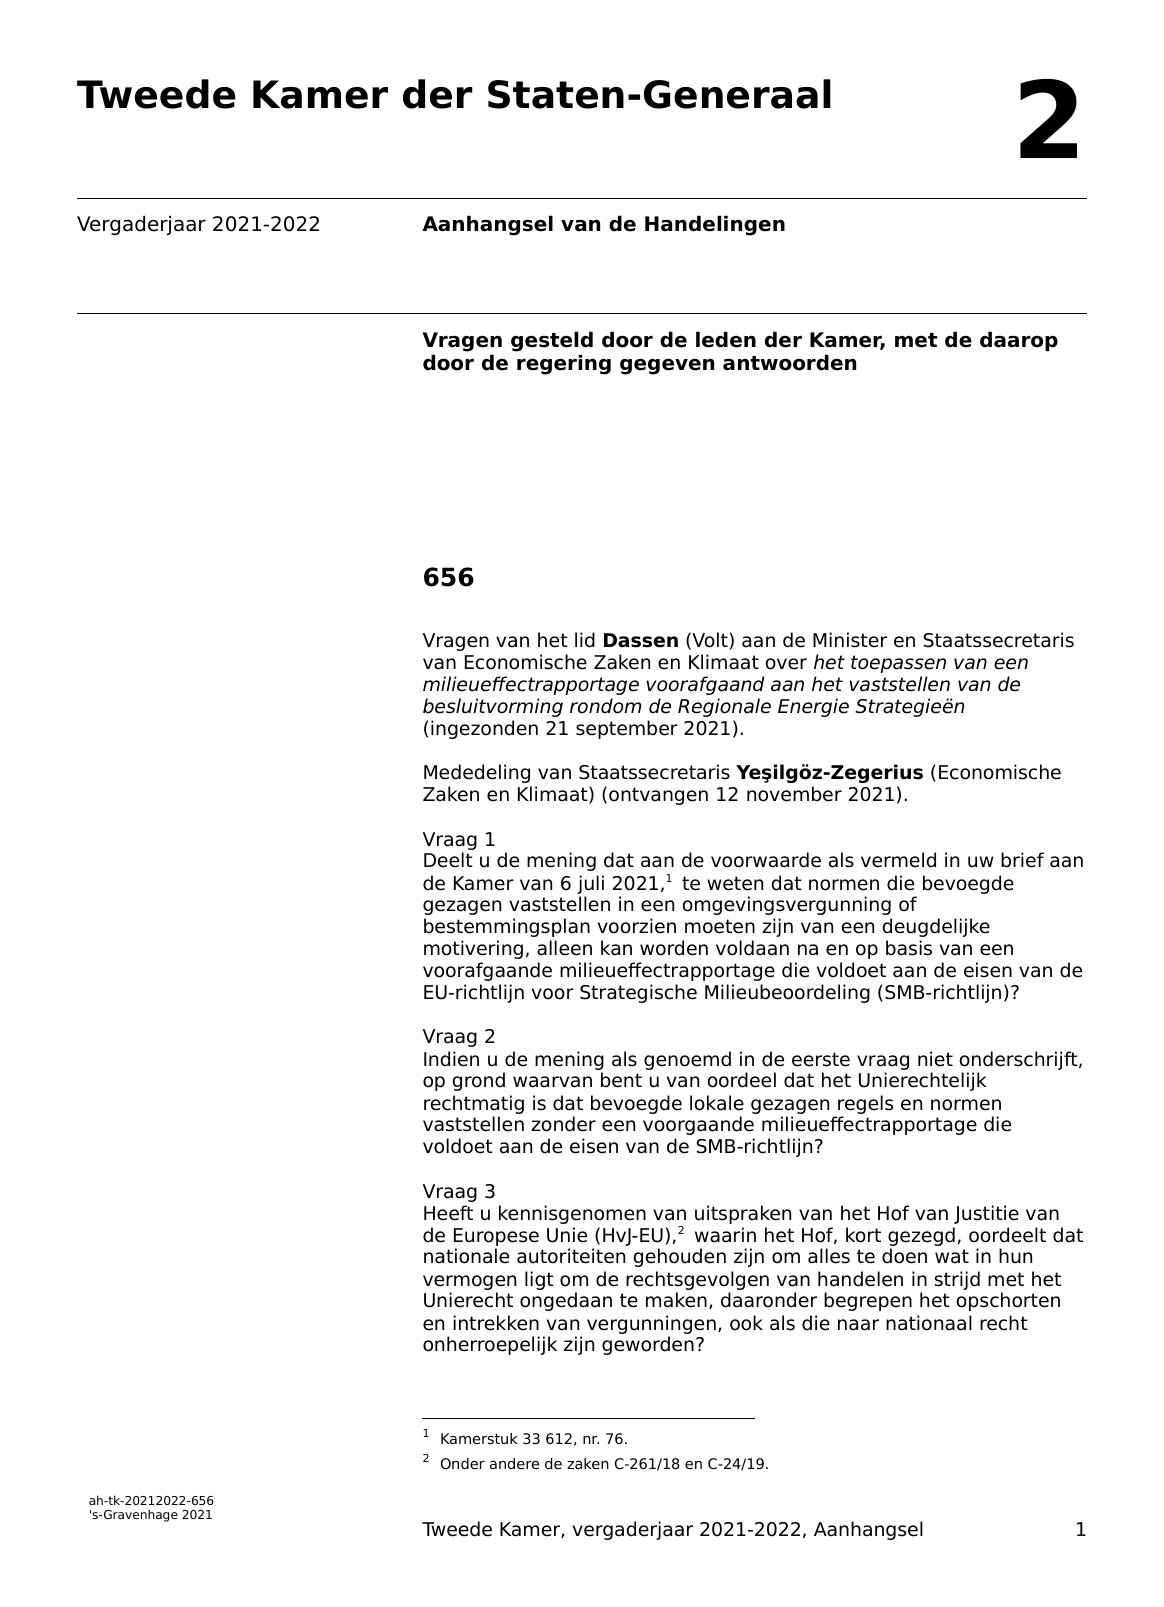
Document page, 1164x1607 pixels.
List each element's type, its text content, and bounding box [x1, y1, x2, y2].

table_header 2 [886, 59, 1087, 198]
text Heeft u kennisgenomen van uitspraken van het Hof van Justitie van de Europese Unie (HvJ-EU), waarin het Hof, kort gezegd, oordeelt dat nationale autoriteiten gehouden zijn om alles te doen wat in hun vermogen ligt om de rechtsgevolgen van handelen in strijd met het Unierecht ongedaan te maken, daaronder begrepen het opschorten en intrekken van vergunningen, ook als die naar nationaal recht onherroepelijk zijn geworden? [422, 1202, 1087, 1356]
text 's-Gravenhage 2021 [88, 1508, 323, 1522]
text 656 [422, 563, 1087, 592]
text Vragen van het lid Dassen (Volt) aan de Minister en Staatssecretaris van Economische Zaken en Klimaat over het toepassen van een milieueffectrapportage voorafgaand aan het vaststellen van de besluitvorming rondom de Regionale Energie Strategieën (ingezonden 21 september 2021). [422, 630, 1087, 740]
text Onder andere de zaken C-261/18 en C-24/19. [422, 1452, 1087, 1474]
text ah-tk-20212022-656 [88, 1494, 323, 1508]
text Kamerstuk 33 612, nr. 76. [422, 1427, 1087, 1449]
text Indien u de mening als genoemd in de eerste vraag niet onderschrijft, op grond waarvan bent u van oordeel dat het Unierechtelijk rechtmatig is dat bevoegde lokale gezagen regels en normen vaststellen zonder een voorgaande milieueffectrapportage die voldoet aan de eisen van de SMB-richtlijn? [422, 1048, 1087, 1158]
text Deelt u de mening dat aan de voorwaarde als vermeld in uw brief aan de Kamer van 6 juli 2021, te weten dat normen die bevoegde gezagen vaststellen in een omgevingsvergunning of bestemmingsplan voorzien moeten zijn van een deugdelijke motivering, alleen kan worden voldaan na en op basis van een voorafgaande milieueffectrapportage die voldoet aan de eisen van de EU-richtlijn voor Strategische Milieubeoordeling (SMB-richtlijn)? [422, 850, 1087, 1004]
table_cell Vergaderjaar 2021-2022 [77, 199, 422, 313]
table_header Tweede Kamer der Staten-Generaal [77, 59, 886, 198]
text Vraag 2 [422, 1026, 1087, 1048]
text Mededeling van Staatssecretaris Yeşilgöz-Zegerius (Economische Zaken en Klimaat) (ontvangen 12 november 2021). [422, 762, 1087, 806]
table_cell [77, 314, 422, 375]
table_cell Vragen gesteld door de leden der Kamer, met de daarop door de regering gegeven antwoorden [422, 314, 1087, 375]
text Vraag 3 [422, 1181, 1087, 1202]
table_cell Aanhangsel van de Handelingen [422, 199, 1087, 313]
text Vraag 1 [422, 828, 1087, 850]
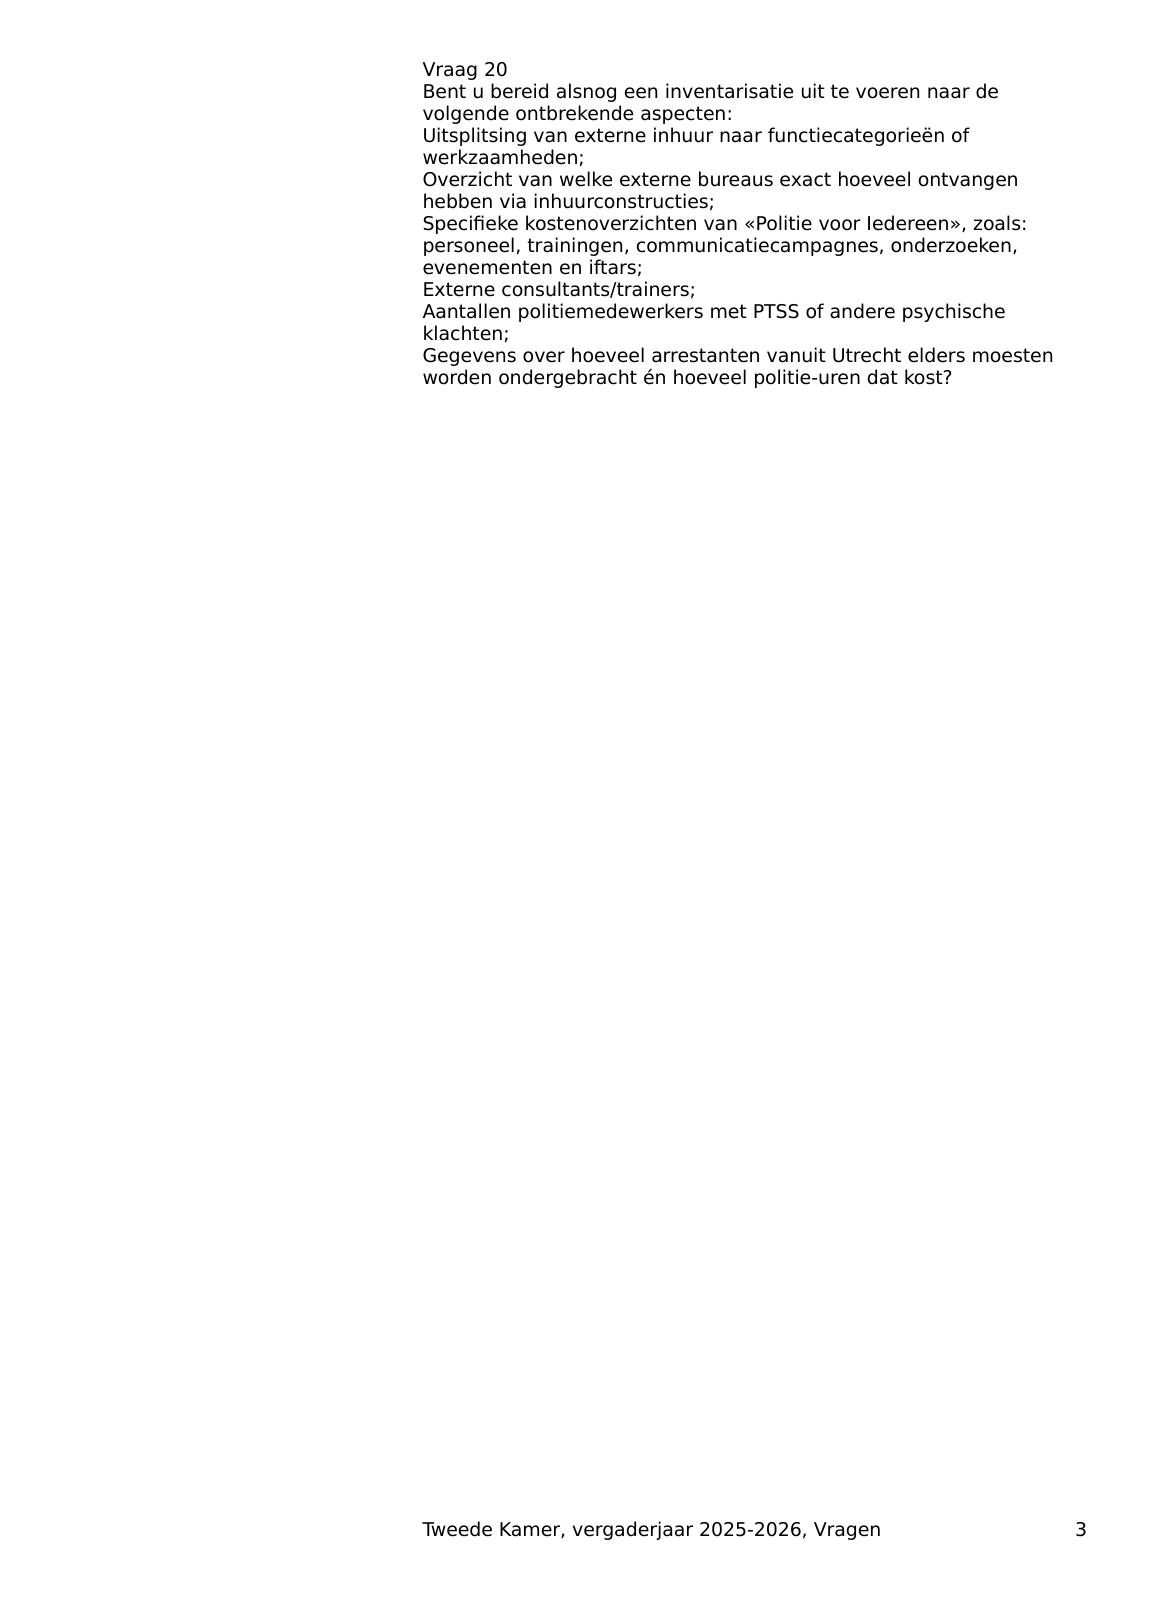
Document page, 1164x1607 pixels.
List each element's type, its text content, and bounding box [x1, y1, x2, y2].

text Bent u bereid alsnog een inventarisatie uit te voeren naar de volgende ontbrekende aspecten: [422, 81, 1087, 125]
text Specifieke kostenoverzichten van «Politie voor Iedereen», zoals: personeel, trainingen, communicatiecampagnes, onderzoeken, evenementen en iftars; [422, 213, 1087, 279]
text Externe consultants/trainers; [422, 279, 1087, 301]
text Aantallen politiemedewerkers met PTSS of andere psychische klachten; [422, 301, 1087, 345]
text Gegevens over hoeveel arrestanten vanuit Utrecht elders moesten worden ondergebracht én hoeveel politie-uren dat kost? [422, 345, 1087, 389]
text Vraag 20 [422, 59, 1087, 81]
text Overzicht van welke externe bureaus exact hoeveel ontvangen hebben via inhuurconstructies; [422, 169, 1087, 213]
text Uitsplitsing van externe inhuur naar functiecategorieën of werkzaamheden; [422, 125, 1087, 169]

++++++++

* [BRIEF] Only the pictures are dropped. Otherwise, write out the listing exactly.

* [EXERCISE RESULT]
Document page, 1164x1607 pixels.
List each element's type, its text content, and bounding box [x1, y1, x2, y2].

table_header 2 [886, 59, 1087, 198]
text Heeft u kennisgenomen van uitspraken van het Hof van Justitie van de Europese Unie (HvJ-EU), waarin het Hof, kort gezegd, oordeelt dat nationale autoriteiten gehouden zijn om alles te doen wat in hun vermogen ligt om de rechtsgevolgen van handelen in strijd met het Unierecht ongedaan te maken, daaronder begrepen het opschorten en intrekken van vergunningen, ook als die naar nationaal recht onherroepelijk zijn geworden? [422, 1202, 1087, 1356]
text 's-Gravenhage 2021 [88, 1508, 323, 1522]
text 656 [422, 563, 1087, 592]
text Vragen van het lid Dassen (Volt) aan de Minister en Staatssecretaris van Economische Zaken en Klimaat over het toepassen van een milieueffectrapportage voorafgaand aan het vaststellen van de besluitvorming rondom de Regionale Energie Strategieën (ingezonden 21 september 2021). [422, 630, 1087, 740]
text Onder andere de zaken C-261/18 en C-24/19. [422, 1452, 1087, 1474]
text ah-tk-20212022-656 [88, 1494, 323, 1508]
text Kamerstuk 33 612, nr. 76. [422, 1427, 1087, 1449]
text Indien u de mening als genoemd in de eerste vraag niet onderschrijft, op grond waarvan bent u van oordeel dat het Unierechtelijk rechtmatig is dat bevoegde lokale gezagen regels en normen vaststellen zonder een voorgaande milieueffectrapportage die voldoet aan de eisen van de SMB-richtlijn? [422, 1048, 1087, 1158]
text Deelt u de mening dat aan de voorwaarde als vermeld in uw brief aan de Kamer van 6 juli 2021, te weten dat normen die bevoegde gezagen vaststellen in een omgevingsvergunning of bestemmingsplan voorzien moeten zijn van een deugdelijke motivering, alleen kan worden voldaan na en op basis van een voorafgaande milieueffectrapportage die voldoet aan de eisen van de EU-richtlijn voor Strategische Milieubeoordeling (SMB-richtlijn)? [422, 850, 1087, 1004]
table_cell Vergaderjaar 2021-2022 [77, 199, 422, 313]
table_header Tweede Kamer der Staten-Generaal [77, 59, 886, 198]
text Vraag 2 [422, 1026, 1087, 1048]
text Mededeling van Staatssecretaris Yeşilgöz-Zegerius (Economische Zaken en Klimaat) (ontvangen 12 november 2021). [422, 762, 1087, 806]
table_cell [77, 314, 422, 375]
table_cell Vragen gesteld door de leden der Kamer, met de daarop door de regering gegeven antwoorden [422, 314, 1087, 375]
text Vraag 3 [422, 1181, 1087, 1202]
table_cell Aanhangsel van de Handelingen [422, 199, 1087, 313]
text Vraag 1 [422, 828, 1087, 850]
Document page, 1164x1607 pixels.
List each element's type, its text content, and bounding box [x1, y1, x2, y2].

text Bent u bereid alsnog een inventarisatie uit te voeren naar de volgende ontbrekende aspecten: [422, 81, 1087, 125]
text Specifieke kostenoverzichten van «Politie voor Iedereen», zoals: personeel, trainingen, communicatiecampagnes, onderzoeken, evenementen en iftars; [422, 213, 1087, 279]
text Externe consultants/trainers; [422, 279, 1087, 301]
text Aantallen politiemedewerkers met PTSS of andere psychische klachten; [422, 301, 1087, 345]
text Gegevens over hoeveel arrestanten vanuit Utrecht elders moesten worden ondergebracht én hoeveel politie-uren dat kost? [422, 345, 1087, 389]
text Vraag 20 [422, 59, 1087, 81]
text Overzicht van welke externe bureaus exact hoeveel ontvangen hebben via inhuurconstructies; [422, 169, 1087, 213]
text Uitsplitsing van externe inhuur naar functiecategorieën of werkzaamheden; [422, 125, 1087, 169]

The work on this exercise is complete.